Empowerment / Coverage
Encourage subpolicies that cover different parts of the state space or yield high controllability. For instance, one might maximize mutual information between subpolicy latent codes and resulting states, ensuring distinct subpolicies lead to distinct outcomes. This fosters diverse skill discovery.
End-to-End Learning
Methods like Option-Critic [Bacon et al., 2017] embed option structure into a differentiable policy architecture and optimize for return. The subpolicies and termination functions emerge from gradient-based training, though careful regularization is often needed to avoid degenerate solutions (e.g., a single subpolicy doing everything).

5.8.4 Benefits of Temporal Abstraction

Reduced Planning Depth
Since each macro-action can span multiple timesteps, the effective decision horizon shrinks, often simplifying search or dynamic programming.
Transfer and Reuse
Once discovered, options/subpolicies can be reused in related tasks. If those subroutines correspond to meaningful skills, the agent may quickly adapt to new goals.
Data Efficiency
Higher-level actions can yield more stable and purposeful exploration, collecting relevant experience faster than random primitive actions.

6. Integration of Planning and Learning

With a learned model in hand (or a known one), we combine planning and learning to optimize a policy \(\pi\).
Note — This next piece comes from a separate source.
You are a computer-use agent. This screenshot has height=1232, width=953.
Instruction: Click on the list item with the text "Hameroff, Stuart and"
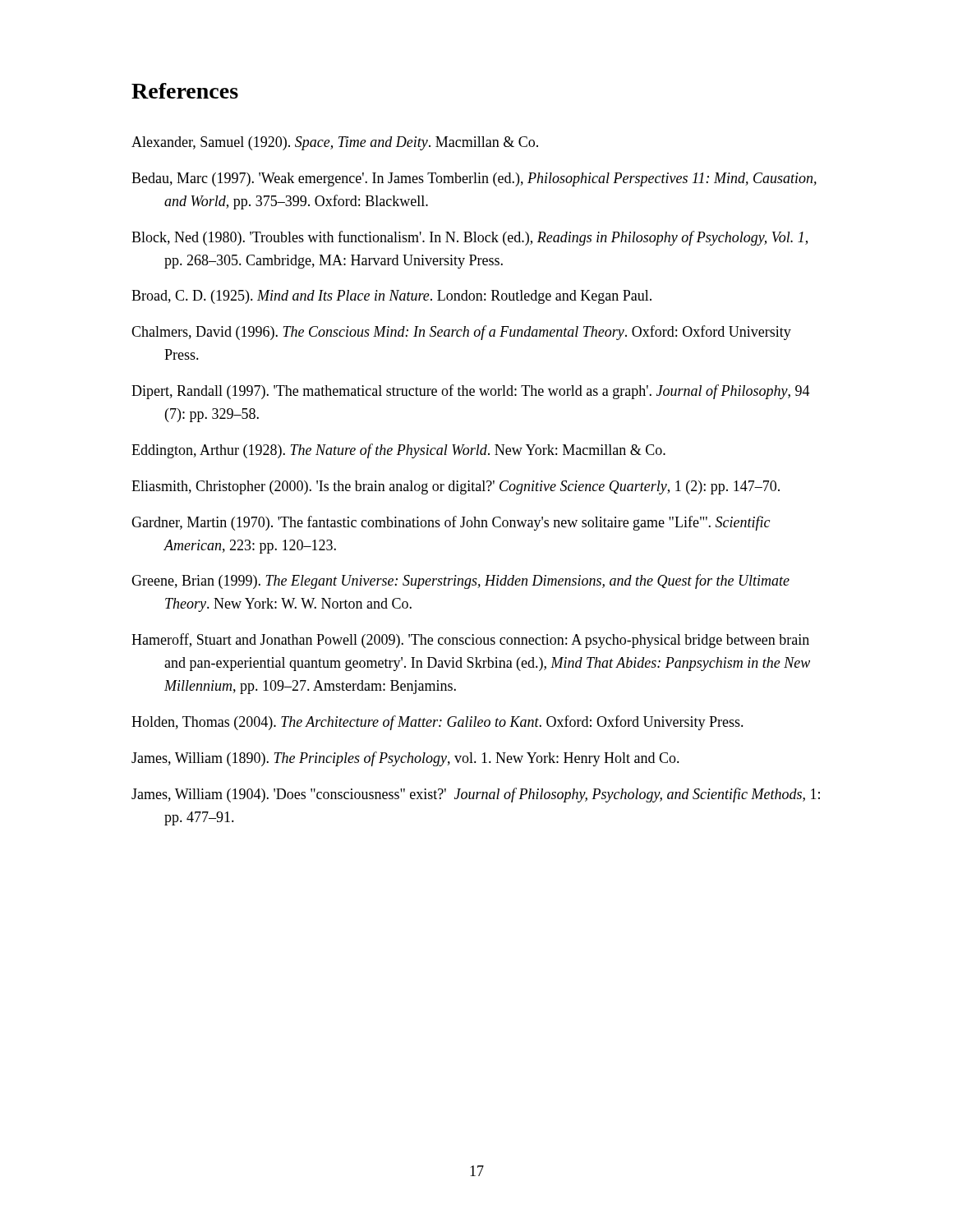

We address four major questions:

Which state to start planning from?
Budget and frequency: how many real steps vs. planning steps?
Planning algorithm: forward search, MCTS, gradient-based, etc.
Integration: how planning outputs feed into policy/value updates and final action selection.

Integration of Planning and Learning

6.1 Which State to Start Planning From?

Uniform over all states (like classical dynamic programming).
Visited states only (like Dyna [Sutton, 1990], which samples from replay).
Prioritized (Prioritized Sweeping [Moore & Atkeson, 1993]) if some states need urgent update.
Current state only (common in online MPC or MCTS from the real agent’s state).

6.2 Planning Budget vs. Real Data Collection

Two sub-questions:

Frequency: plan after every environment step, or collect entire episodes first?
- Dyna plans after each step (like 100 imaginary updates per real step).
- PILCO [Deisenroth & Rasmussen, 2011] fits a GP model after each episode.
Budget: how many model rollouts or expansions per planning cycle?
- Dyna might do 100 short rollouts.
- AlphaZero expands a single MCTS iteration by up to 1600 × depth calls.

Some methods adaptively adjust planning vs. real data based on model uncertainty [Kalweit & Boedecker, 2017]. The right ratio can significantly affect performance.

6.3 How to Plan? (Planning Algorithms)

Broadly:

Discrete (non-differentiable) search:
- One-step lookahead
- Tree search (MCTS, minimax)
- Forward vs. backward: e.g., prioritized sweeping uses a reverse model to propagate value changes quickly
Differential (gradient-based) planning:
- Requires a differentiable model \(\hat{P}\).
- E.g., iterative LQR, or direct backprop through unrolled transitions (Dreamer).
- Suited for continuous control with smooth dynamics.
Depth & Breadth choices:
- Some do short-horizon expansions (MBPO uses 1–5 step imaginary rollouts).
- Others do deeper expansions if computing resources allow (AlphaZero MCTS).
Uncertainty handling:
- Plan only near states with low model uncertainty or penalize uncertain states.
- Ensemble-based expansions [Chua et al., 2018].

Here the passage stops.